Human serum samples obtained from HPS patients during 1998–2005 were analyzed by immunoglobulin (Ig) M capture ELISA by using antigens for Andes virus and ARAV. Rodents were captured alive by using traps in rural or sylvan environments at presumed sites of HPS cases during 2002–2005 as part of routine surveillance procedures conducted by the Adolfo Lutz Institute under the mandate of the Brazilian Ministry of Health. Sampling was reviewed and approved by appropriate ethical committees on human and animal research according to Brazilian Ministry of Health Resolutions 3747/95 and 196/96. Informed consent was obtained from all patients, and information was kept confidential by the Ministry of Health. Rodent collection in the field was authorized by the Brazilian Institute of Environment and Renewable Natural Resources.
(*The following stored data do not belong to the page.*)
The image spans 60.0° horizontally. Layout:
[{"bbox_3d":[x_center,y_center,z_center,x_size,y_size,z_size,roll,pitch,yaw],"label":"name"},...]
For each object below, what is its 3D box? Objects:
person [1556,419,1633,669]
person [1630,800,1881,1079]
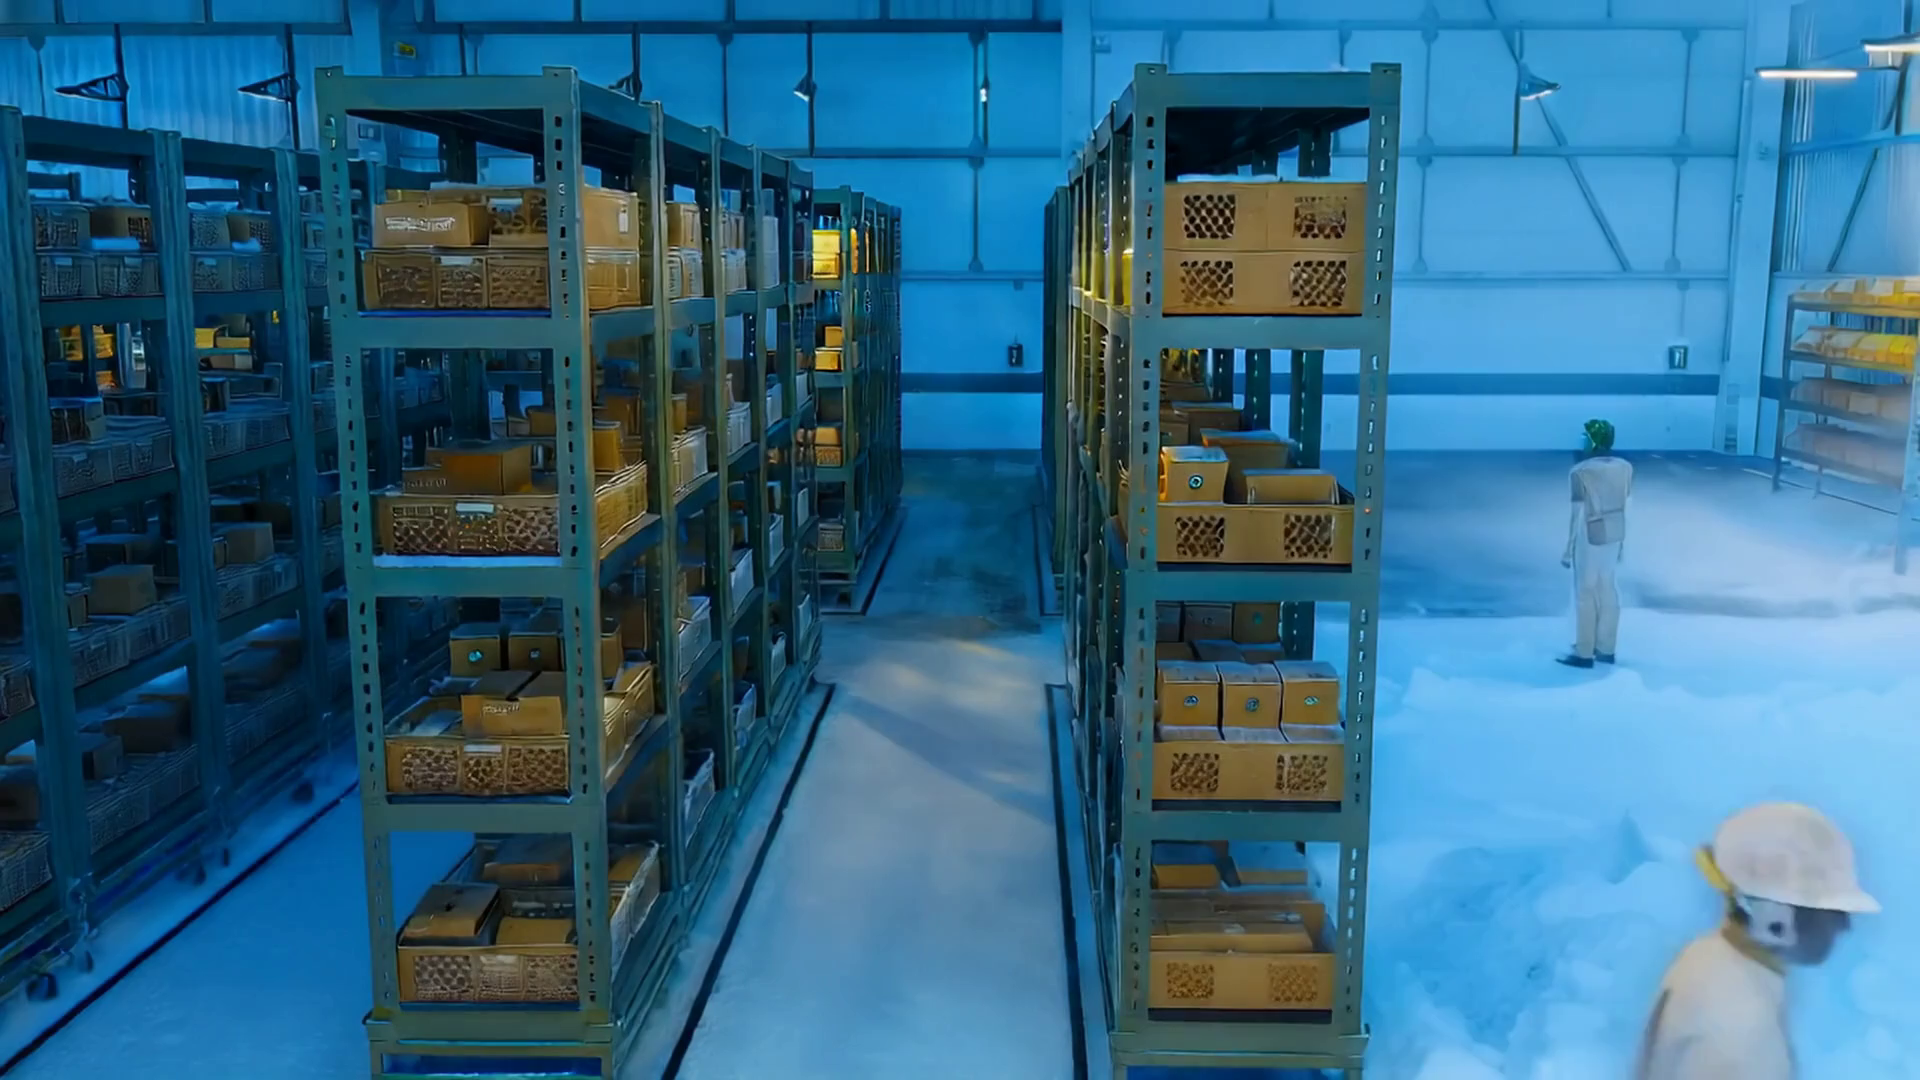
[{"bbox_3d":[4.698,0.031,12.267,0.570,1.843,0.373,-5,11,-26],"label":"person"},{"bbox_3d":[1.676,1.489,3.407,0.837,1.961,0.622,4,10,20],"label":"person"}]

Samples containing hantavirus are under control of the Ministry of Health at classified sites according to United Nations Security Council Resolution 1540 and Brazilian Ministry of Science and Technology Resolution 10. Rodent blood samples were analyzed by IgG ELISA by using antigens for Sin Nombre virus and ARAV. Rodent lungs and human serum samples positive for hantavirus were used for RNA extraction.

Extraction of RNA

RNA was extracted from 300 μL of hemolyzed whole blood or serum samples from humans and from 300 μL of a suspension of macerate of lung tissues from rodents. Samples were mixed with 1 mL of TRIzol LS Reagent (GIBCO/BRL, Gaithersburg, MD, USA) and 200 μL of chloroform–isoamyl alcohol (24:1), according to modifications described by Bowen et al. (10). Pellets were precipitated by centrifugation and resuspended in 10–20 μL of diethyl pyrocarbonate–treated water.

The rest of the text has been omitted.